* Task brief *
The answer should be the records below, word for word, with every image left out.

* Data provided *
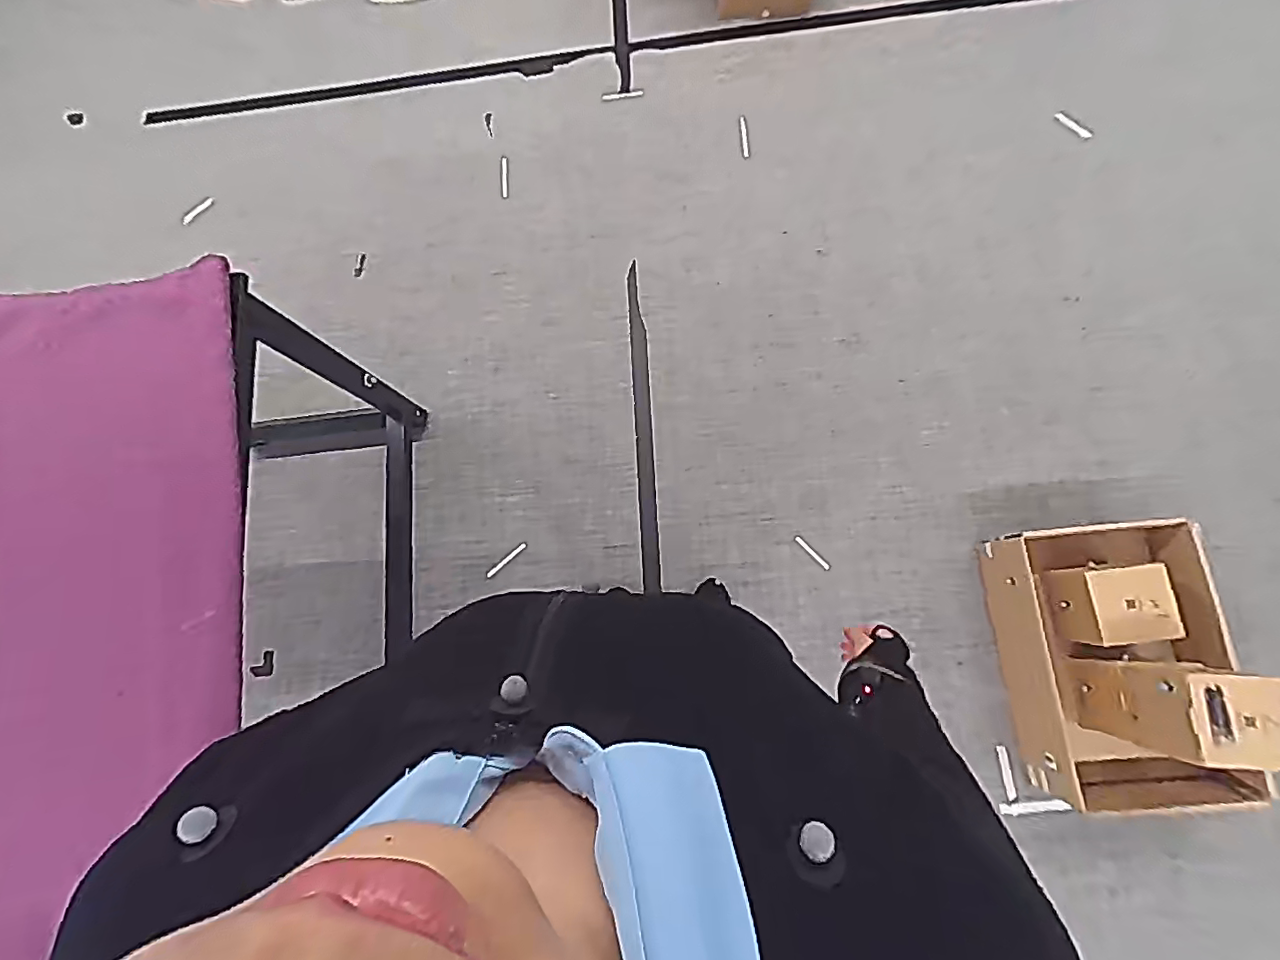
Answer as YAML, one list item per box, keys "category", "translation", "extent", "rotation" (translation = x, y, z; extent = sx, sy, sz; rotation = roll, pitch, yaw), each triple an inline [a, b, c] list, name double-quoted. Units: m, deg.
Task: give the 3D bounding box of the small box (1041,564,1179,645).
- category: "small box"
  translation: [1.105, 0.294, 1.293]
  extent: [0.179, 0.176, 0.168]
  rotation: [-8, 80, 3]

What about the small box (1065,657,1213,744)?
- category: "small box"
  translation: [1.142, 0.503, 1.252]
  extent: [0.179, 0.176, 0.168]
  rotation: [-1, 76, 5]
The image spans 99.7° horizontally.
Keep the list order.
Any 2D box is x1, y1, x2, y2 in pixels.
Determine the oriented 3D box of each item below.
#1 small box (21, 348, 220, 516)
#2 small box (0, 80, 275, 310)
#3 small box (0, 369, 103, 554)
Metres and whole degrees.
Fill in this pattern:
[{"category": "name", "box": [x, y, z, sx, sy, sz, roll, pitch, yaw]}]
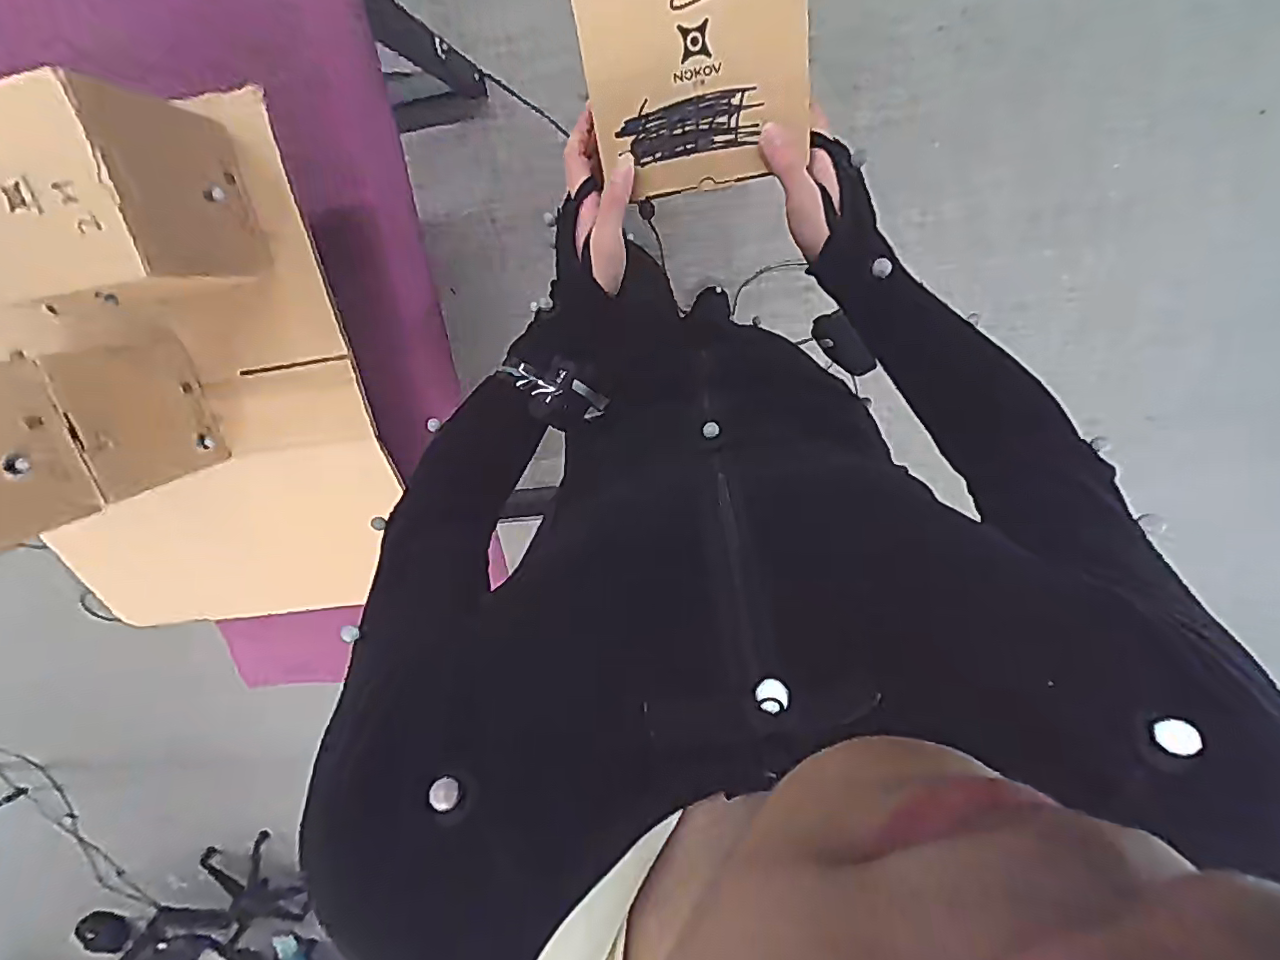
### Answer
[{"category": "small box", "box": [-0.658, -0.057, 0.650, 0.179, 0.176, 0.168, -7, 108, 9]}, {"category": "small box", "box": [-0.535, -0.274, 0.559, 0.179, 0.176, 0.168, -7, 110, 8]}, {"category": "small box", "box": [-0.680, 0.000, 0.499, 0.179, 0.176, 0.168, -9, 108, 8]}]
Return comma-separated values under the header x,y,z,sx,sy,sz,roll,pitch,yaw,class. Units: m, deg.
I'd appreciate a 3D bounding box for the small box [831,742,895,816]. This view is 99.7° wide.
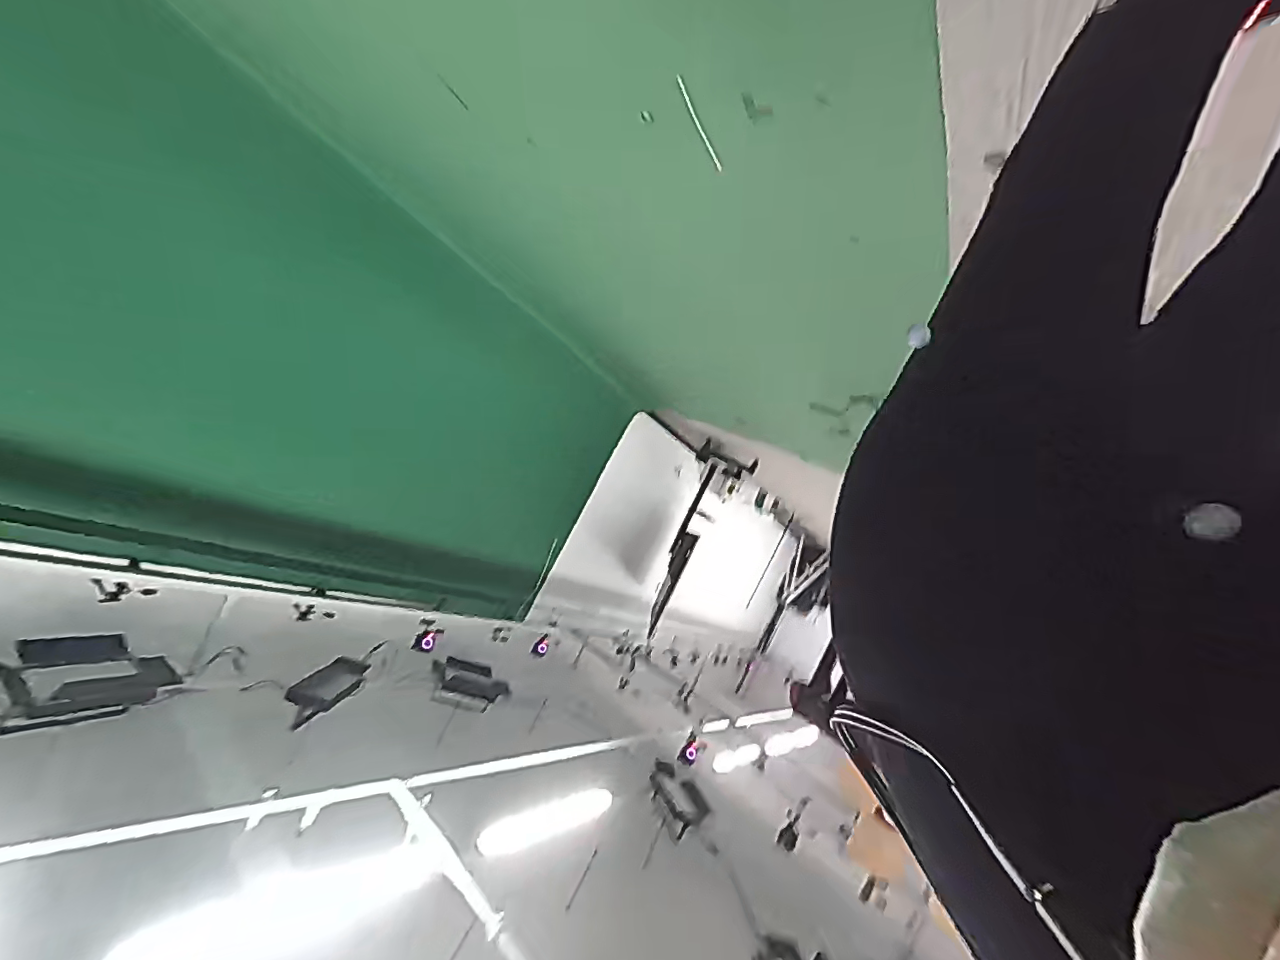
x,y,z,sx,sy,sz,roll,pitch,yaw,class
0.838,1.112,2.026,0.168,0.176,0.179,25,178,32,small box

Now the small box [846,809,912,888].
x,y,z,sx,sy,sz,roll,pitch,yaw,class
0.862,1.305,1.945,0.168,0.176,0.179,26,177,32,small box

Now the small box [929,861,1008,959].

* Solution to this task *
Answer as YAML, one list item per box, keys "category", "translation", "extent", "rotation" (translation = x, y, z; extent = sx, sy, sz; rotation = roll, pitch, yaw), each triple an inline [a, b, c] list, name double-quoted. Units: m, deg.
Task: give the 3D bounding box of the small box (1041,564,1179,645).
- category: "small box"
  translation: [1.105, 0.294, 1.293]
  extent: [0.179, 0.176, 0.168]
  rotation: [-8, 80, 3]

What about the small box (1065,657,1213,744)?
- category: "small box"
  translation: [1.142, 0.503, 1.252]
  extent: [0.179, 0.176, 0.168]
  rotation: [-1, 76, 5]
The image spans 99.7° horizontally.
Keep the list order.
Any 2D box is x1, y1, x2, y2 in pixels.
Determine the oriented 3D box of each item below.
#1 small box (21, 348, 220, 516)
#2 small box (0, 80, 275, 310)
#3 small box (0, 369, 103, 554)
Metres and whole degrees.
Fill in this pattern:
[{"category": "name", "box": [x, y, z, sx, sy, sz, roll, pitch, yaw]}]
### Answer
[{"category": "small box", "box": [-0.658, -0.057, 0.650, 0.179, 0.176, 0.168, -7, 108, 9]}, {"category": "small box", "box": [-0.535, -0.274, 0.559, 0.179, 0.176, 0.168, -7, 110, 8]}, {"category": "small box", "box": [-0.680, 0.000, 0.499, 0.179, 0.176, 0.168, -9, 108, 8]}]
Return comma-separated values under the header x,y,z,sx,sy,sz,roll,pitch,yaw,class. Units: m, deg.
I'd appreciate a 3D bounding box for the small box [831,742,895,816]. This view is 99.7° wide.
x,y,z,sx,sy,sz,roll,pitch,yaw,class
0.838,1.112,2.026,0.168,0.176,0.179,25,178,32,small box

Now the small box [846,809,912,888].
x,y,z,sx,sy,sz,roll,pitch,yaw,class
0.862,1.305,1.945,0.168,0.176,0.179,26,177,32,small box

Now the small box [929,861,1008,959].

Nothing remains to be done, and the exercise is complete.